Change Without Crisis

Our good friend Horst Abraham is a hall of fame teacher and a world class facilitator. Recently he was in front of a group and we heard him say something very important. “As a leader, some of the things I need to make happen are not teachable, they are only learnable.”
What does this mean?
Another good friend wanted to meet for lunch. He was a school principal about to start the year. When he first took over there were many challenges but he began to move things and eventually, by annual test scores, the school was shown to be one of the better schools in the area.
Then the state introduced a new set of requirements.  The teachers were resistant because they already knew how to excel. That year the school tested below average. When the scores were shared, the teachers were devastated. The next year they were more willing to make adjustments and the school returned to its previous level of performance.
When we asked our friend what he now wanted to accomplish, he said he wanted to take the school from good to great. He wanted to make changes but it required that the teachers become willing to learn without the aid of a crisis.
It seems ironic that teachers might be unwilling to learn. Yet this claim goes beyond teachers and principals. It is the challenge faced by all leaders who wish to improve their organizations. It is a universal problem. In order to transform an organization, people have to learn how to do what they do not know how to do. This is threatening. People generally fear the work of learning to operate in a new way.
Our friend, the principal, asked, if there is no crisis, how I can I get my people to learn, change and excel? Instead of answering we asked him to tell us what he thought the answer might be. He pondered the question and then shared a personal experience.
After some years of teaching he moved from a rural area to an urban area and was hired to teach in a school owned by a religious group. He found himself in very strange territory. The challenge was overwhelming and he began to fail. Every second night he found himself weeping in the arms of his wife. Yet, at the end of eight years, he was a super star.
We analyzed his learning journey. What were the elements of his personal transformation? He had thoughtful responses.
We asked him about his learning journey because of the notion articulated above by Horst. What he wanted from us was not really teachable it was only learnable. In order to meaningfully respond to his question about changing the school, he needed to be directly in touch with his own most potent, personal transformation.
In his own personal transformation, he had already learned how to transform his school. He just did not fully realize it. We could teach him transformation, because he had already learned transformation.
With his remembered foundation in place, we told him that to move the school from good to great, required a collective journey, just like his personal journey. It meant facing uncertainty and failure while moving forward, learning from experience in real time.
As the conversation continued, we considered the four keys of transformation and used them to ask him more questions. The keys are:

  • Idealized Influence: The leader is not someone who is working to satisfy their own ego. The leader wields moral power and is worthy of emulation.   Because the leader knows his or her highest purpose, the leader is committed to the highest good and sacrifices for it. Doing this stimulates the emergence of more virtues. The leader is seen as an inherently good person, worthy of admiration and trust.
  • Inspirational motivation: The leader is purpose driven and thus oriented to the future. The leader has a meaningful vision of where the system needs to go. The leader shows constancy of purpose and at every turn works to link the people to the purpose. It becomes increasingly attractive and desirable. People begin to find meaning in it. They begin to believe and to experiment.
  • Individual consideration: The relationship with the people is not transactional. They are not replaceable widgets but people worthy of honor. The leader knows the people, considers their individual needs, and shows them unconditional positive regard. The people know that the leader cares.
  • Intellectual stimulation: One of the central challenges in the transformational process is learning, more specifically, deep or transformative learning. The people must come to a new mental map of who they are and how they operate. This includes a shift from them colluding in their own disempowerment to them becoming self-empowering people. So the leader uses a variety of techniques to constantly challenge existing assumptions and nurture the emergence of a new mental map.
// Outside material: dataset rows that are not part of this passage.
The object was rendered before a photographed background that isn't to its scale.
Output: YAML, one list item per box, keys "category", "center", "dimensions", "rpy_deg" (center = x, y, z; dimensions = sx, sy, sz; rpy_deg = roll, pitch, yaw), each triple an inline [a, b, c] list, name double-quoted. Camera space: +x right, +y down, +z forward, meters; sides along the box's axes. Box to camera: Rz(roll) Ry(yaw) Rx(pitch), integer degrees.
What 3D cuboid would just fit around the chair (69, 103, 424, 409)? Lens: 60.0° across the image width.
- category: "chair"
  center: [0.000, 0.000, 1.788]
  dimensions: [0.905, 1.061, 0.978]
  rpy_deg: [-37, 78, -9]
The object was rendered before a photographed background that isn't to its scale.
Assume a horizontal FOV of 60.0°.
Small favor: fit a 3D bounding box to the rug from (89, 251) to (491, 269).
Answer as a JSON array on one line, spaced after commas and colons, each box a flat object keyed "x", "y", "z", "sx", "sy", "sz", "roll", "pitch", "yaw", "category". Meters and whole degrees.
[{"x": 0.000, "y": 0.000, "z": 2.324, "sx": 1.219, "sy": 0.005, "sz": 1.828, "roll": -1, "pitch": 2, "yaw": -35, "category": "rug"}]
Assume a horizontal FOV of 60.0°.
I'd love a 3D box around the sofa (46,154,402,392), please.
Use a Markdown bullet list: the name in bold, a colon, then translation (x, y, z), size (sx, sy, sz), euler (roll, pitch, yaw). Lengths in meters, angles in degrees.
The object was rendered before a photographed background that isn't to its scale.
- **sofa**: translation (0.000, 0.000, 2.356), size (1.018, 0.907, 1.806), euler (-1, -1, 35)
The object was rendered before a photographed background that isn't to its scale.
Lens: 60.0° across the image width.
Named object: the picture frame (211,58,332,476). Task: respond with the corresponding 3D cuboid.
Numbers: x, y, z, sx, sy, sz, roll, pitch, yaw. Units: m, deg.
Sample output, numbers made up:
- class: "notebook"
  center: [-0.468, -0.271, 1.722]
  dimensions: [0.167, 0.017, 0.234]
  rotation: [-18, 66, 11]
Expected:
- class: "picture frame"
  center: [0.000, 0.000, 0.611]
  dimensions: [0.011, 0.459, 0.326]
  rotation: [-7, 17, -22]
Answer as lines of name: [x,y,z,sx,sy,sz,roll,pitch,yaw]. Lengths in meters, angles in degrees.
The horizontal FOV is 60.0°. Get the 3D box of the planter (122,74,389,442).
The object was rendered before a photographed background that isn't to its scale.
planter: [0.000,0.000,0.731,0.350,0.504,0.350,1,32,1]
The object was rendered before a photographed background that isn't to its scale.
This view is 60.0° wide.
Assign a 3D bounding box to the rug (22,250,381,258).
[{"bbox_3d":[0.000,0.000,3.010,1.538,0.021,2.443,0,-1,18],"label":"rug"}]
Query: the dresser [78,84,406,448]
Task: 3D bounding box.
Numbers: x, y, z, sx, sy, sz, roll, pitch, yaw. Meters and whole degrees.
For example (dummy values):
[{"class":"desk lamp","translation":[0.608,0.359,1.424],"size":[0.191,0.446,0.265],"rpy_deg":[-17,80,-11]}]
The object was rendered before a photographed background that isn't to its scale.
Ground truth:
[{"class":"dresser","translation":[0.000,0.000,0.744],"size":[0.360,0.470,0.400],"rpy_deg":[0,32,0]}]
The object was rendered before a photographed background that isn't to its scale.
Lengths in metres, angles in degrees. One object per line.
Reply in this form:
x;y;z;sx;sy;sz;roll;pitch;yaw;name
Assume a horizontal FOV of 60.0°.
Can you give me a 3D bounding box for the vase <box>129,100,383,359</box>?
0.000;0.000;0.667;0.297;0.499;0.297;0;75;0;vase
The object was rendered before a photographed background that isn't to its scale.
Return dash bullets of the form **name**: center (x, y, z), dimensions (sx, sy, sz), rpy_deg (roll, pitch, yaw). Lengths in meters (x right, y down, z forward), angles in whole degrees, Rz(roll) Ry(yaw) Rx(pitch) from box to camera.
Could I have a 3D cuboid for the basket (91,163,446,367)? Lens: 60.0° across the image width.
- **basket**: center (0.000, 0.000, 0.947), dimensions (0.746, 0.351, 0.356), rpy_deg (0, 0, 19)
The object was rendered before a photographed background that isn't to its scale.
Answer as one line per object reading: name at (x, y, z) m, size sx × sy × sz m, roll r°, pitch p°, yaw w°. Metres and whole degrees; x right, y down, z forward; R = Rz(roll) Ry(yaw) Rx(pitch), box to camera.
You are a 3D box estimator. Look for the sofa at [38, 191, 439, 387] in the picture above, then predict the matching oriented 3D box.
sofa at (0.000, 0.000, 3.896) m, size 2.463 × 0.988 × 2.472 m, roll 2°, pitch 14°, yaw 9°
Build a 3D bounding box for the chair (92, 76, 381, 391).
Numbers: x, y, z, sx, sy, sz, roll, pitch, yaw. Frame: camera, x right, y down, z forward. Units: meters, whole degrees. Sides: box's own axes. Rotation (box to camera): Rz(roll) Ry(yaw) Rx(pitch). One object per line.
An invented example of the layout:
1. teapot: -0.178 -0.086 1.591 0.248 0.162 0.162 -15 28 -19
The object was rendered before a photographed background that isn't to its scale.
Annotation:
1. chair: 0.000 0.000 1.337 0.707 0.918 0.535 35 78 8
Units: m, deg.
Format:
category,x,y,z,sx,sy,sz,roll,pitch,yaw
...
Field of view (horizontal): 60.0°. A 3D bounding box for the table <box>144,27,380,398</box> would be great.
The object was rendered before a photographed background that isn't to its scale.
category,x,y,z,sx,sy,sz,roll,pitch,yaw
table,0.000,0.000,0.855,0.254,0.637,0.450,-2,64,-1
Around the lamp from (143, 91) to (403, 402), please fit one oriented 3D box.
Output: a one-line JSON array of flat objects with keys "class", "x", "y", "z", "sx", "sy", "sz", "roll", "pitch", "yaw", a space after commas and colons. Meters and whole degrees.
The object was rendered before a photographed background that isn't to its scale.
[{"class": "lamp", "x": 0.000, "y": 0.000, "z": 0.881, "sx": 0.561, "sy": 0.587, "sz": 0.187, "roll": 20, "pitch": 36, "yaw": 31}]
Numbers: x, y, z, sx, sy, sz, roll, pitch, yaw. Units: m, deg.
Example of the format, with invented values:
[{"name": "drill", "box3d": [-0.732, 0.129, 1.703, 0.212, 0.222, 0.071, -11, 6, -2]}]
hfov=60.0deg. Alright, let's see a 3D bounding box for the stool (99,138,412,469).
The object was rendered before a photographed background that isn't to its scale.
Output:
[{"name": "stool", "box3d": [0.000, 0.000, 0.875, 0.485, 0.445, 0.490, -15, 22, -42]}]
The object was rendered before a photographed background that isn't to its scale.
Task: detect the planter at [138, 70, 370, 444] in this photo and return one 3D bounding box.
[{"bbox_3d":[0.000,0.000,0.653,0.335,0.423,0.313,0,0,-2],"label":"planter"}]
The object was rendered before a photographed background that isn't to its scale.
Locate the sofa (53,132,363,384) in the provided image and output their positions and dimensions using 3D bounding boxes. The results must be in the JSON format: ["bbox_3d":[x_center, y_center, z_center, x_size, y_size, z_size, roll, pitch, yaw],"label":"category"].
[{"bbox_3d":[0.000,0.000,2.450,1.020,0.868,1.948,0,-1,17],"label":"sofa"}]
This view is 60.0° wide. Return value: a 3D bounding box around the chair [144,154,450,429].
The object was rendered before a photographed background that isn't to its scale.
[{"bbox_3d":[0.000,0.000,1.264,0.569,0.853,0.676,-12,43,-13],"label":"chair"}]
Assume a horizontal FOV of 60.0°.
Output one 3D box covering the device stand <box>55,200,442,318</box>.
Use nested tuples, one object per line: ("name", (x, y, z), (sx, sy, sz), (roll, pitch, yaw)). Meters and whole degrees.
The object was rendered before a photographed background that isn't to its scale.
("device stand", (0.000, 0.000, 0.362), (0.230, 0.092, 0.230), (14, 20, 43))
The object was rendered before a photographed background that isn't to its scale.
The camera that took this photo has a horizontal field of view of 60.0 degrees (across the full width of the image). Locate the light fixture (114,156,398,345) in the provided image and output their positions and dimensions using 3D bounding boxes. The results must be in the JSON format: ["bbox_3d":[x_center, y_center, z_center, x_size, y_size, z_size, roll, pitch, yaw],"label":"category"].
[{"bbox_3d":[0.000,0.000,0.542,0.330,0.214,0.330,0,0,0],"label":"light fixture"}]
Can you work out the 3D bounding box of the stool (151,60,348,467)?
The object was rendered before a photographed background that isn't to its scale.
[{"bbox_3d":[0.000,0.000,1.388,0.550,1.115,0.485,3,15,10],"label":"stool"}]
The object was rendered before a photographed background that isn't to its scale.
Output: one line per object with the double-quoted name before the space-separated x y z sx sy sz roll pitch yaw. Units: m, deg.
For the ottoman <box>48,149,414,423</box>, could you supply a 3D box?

As we asked questions about these kinds of things, he was totally responsive. Given his personal journey, he understood the basic principles. His challenge was thinking about specific actions to take. So here we began to dream with him. We said, “Imagine doing this and imagine doing that.” He drank in our lengthy list of outrageous scenarios. He could see how to adapt and adopt them.
As this happened, he visibly changed. He became energized. He told us he would report back. He sincerely thanked us for the discussion. This professional educator was ready to go back to his professional educators and engage in the mutual process of deep learning. It is what transformational leaders learn to do.
 
Reflection

  • What does it mean that some things are not teachable, only learnable?
  • Why do people resist the work of deep learning?
  • Why do the four keys of transformation make deep learning possible?
  • How could we use this passage to create a more positive organization?